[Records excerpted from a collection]
════════════════════
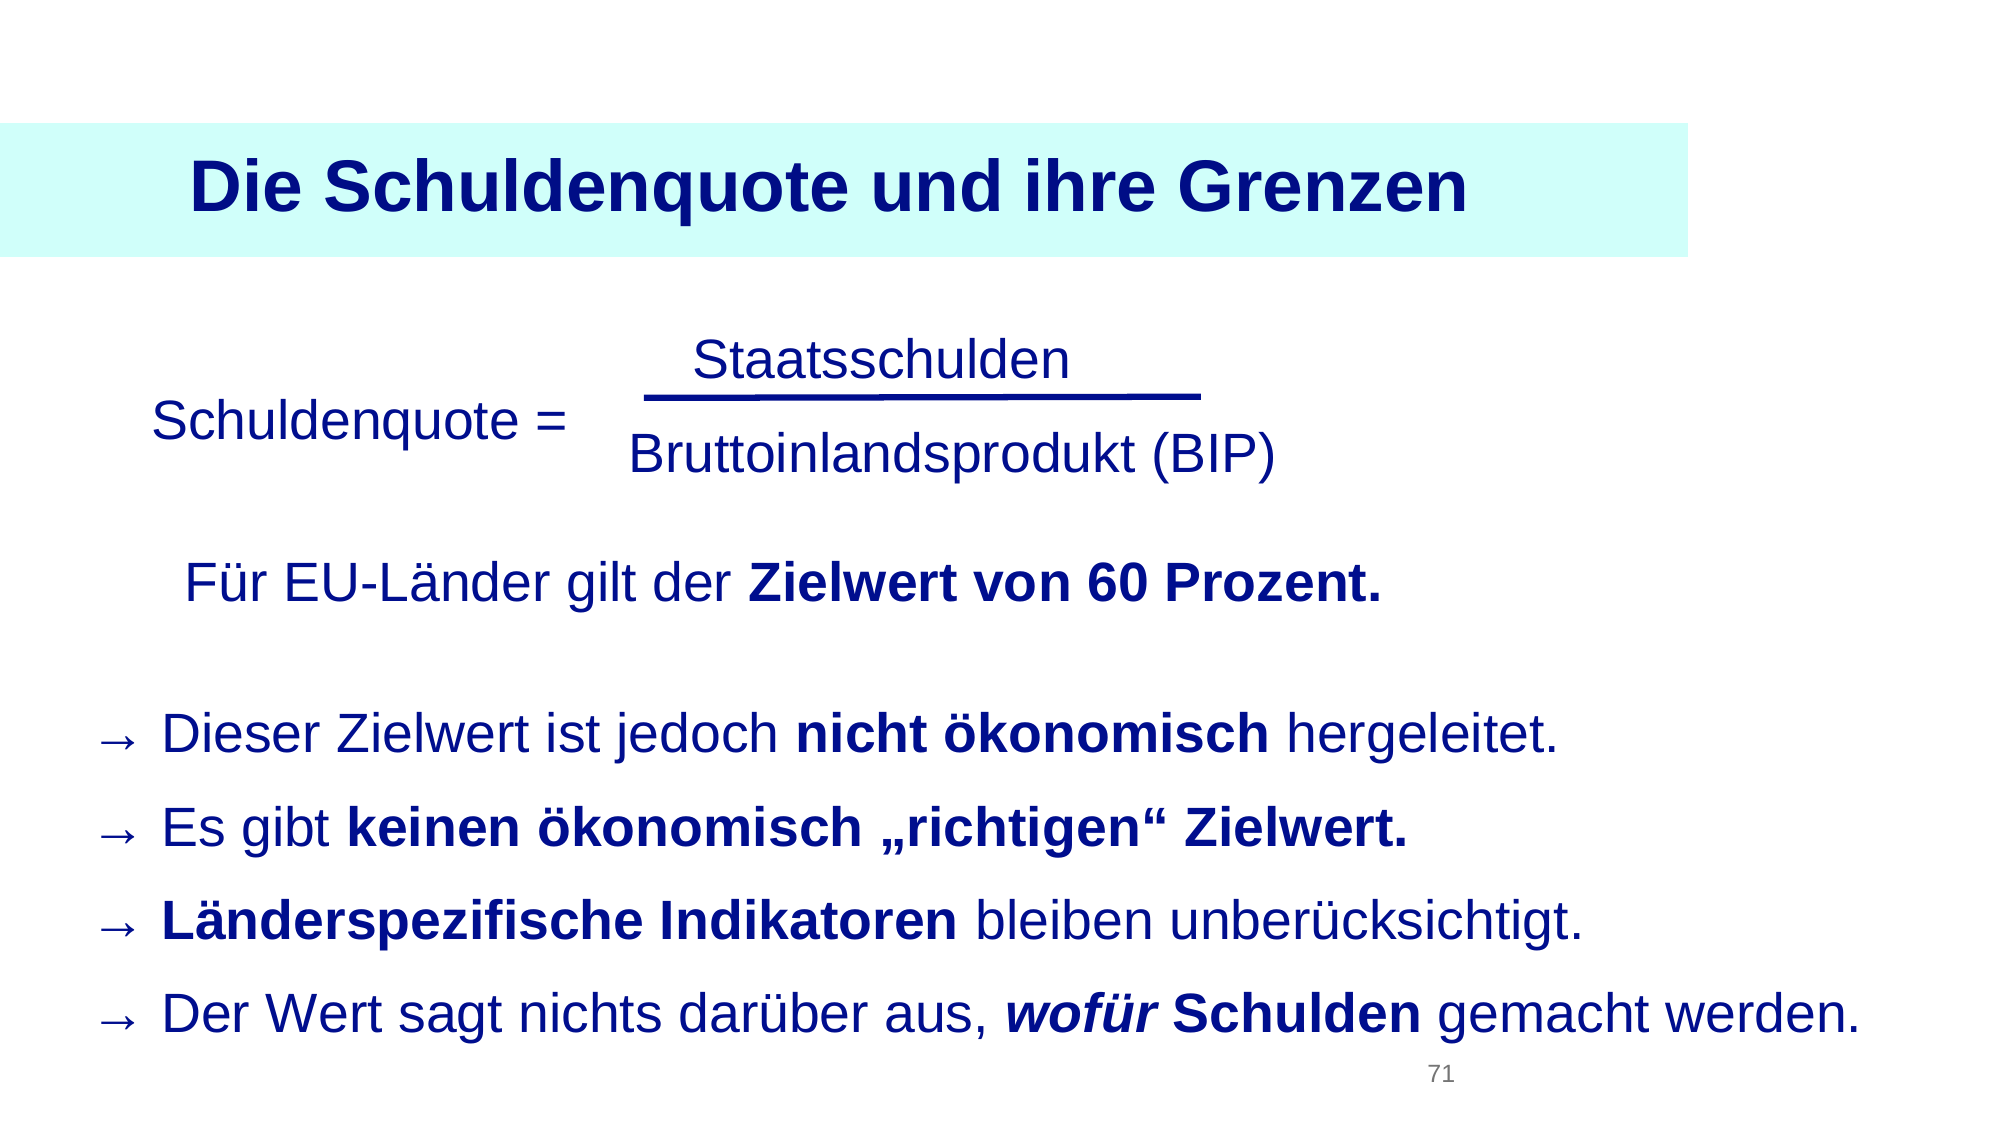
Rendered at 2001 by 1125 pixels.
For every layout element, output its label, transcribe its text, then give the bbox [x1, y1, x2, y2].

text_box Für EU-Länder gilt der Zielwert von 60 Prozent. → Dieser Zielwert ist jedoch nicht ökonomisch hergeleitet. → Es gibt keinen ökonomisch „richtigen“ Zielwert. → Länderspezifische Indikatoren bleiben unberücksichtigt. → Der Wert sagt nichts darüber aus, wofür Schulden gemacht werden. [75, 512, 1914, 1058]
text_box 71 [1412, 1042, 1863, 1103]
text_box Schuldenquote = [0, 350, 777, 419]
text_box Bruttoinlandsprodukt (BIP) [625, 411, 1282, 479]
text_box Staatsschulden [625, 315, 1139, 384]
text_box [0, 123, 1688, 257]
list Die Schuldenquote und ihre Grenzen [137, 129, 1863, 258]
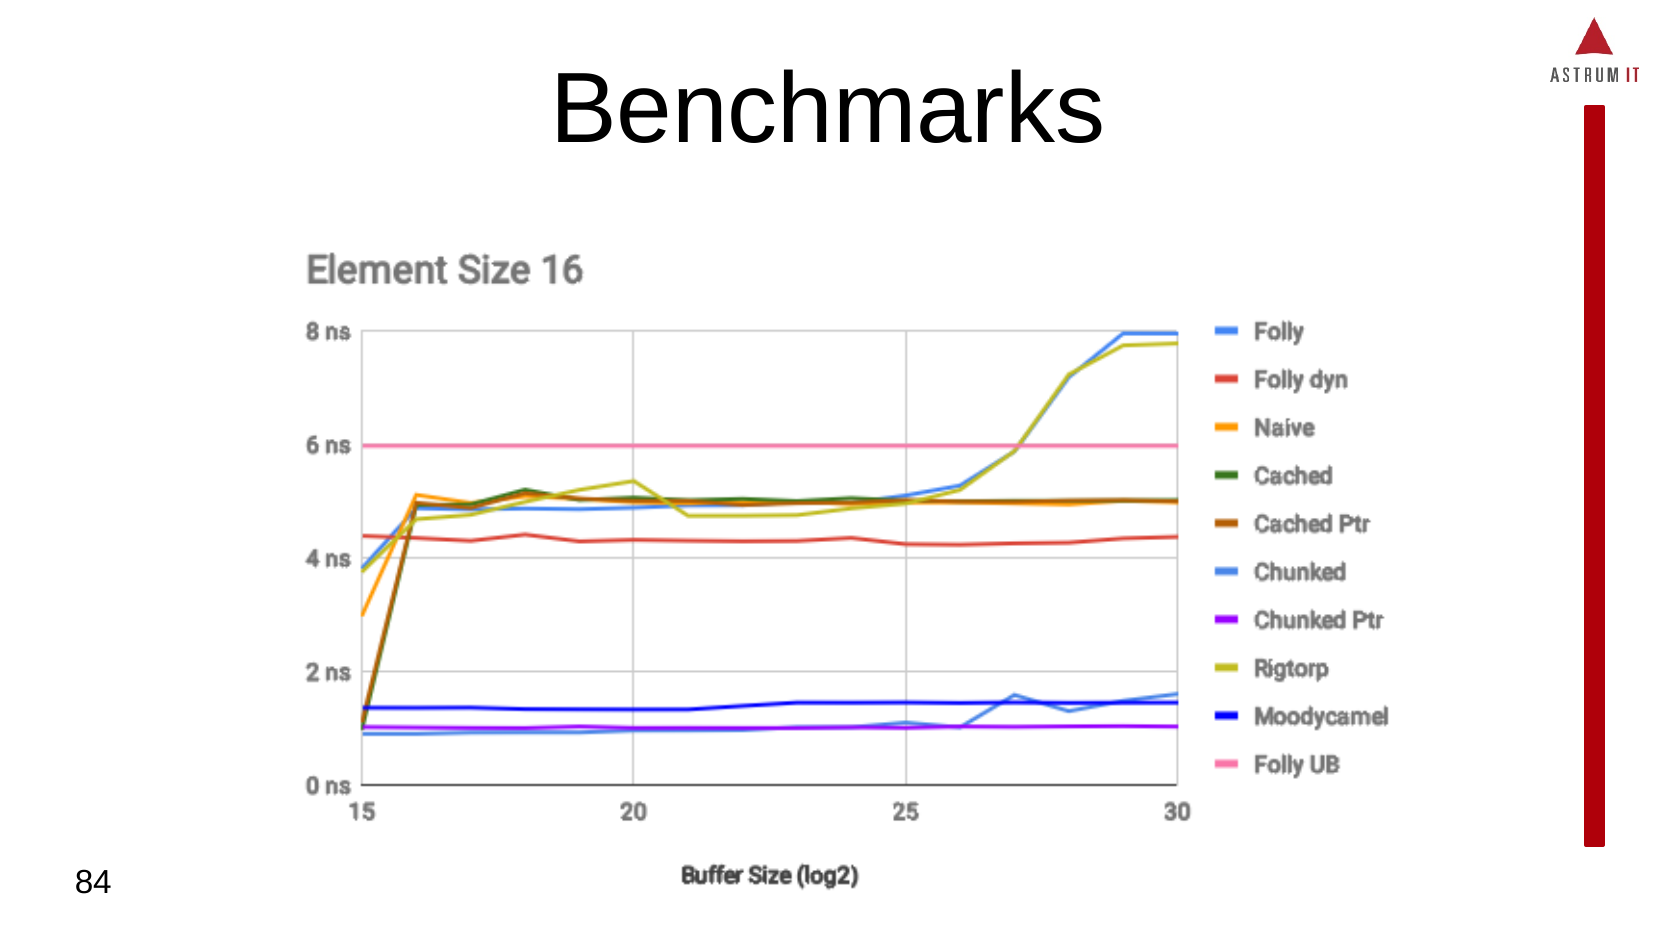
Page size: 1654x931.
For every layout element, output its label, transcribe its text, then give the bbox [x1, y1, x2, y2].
════════════════════
## About this task
Only the lines from the one containing "Page size: 1654x931." through the end of the data above are wanted, both ends included; restate them word for word.

## Answer section
Page size: 1654x931.
For every layout element, output its label, transcribe its text, then give the bbox [x1, y1, x2, y2].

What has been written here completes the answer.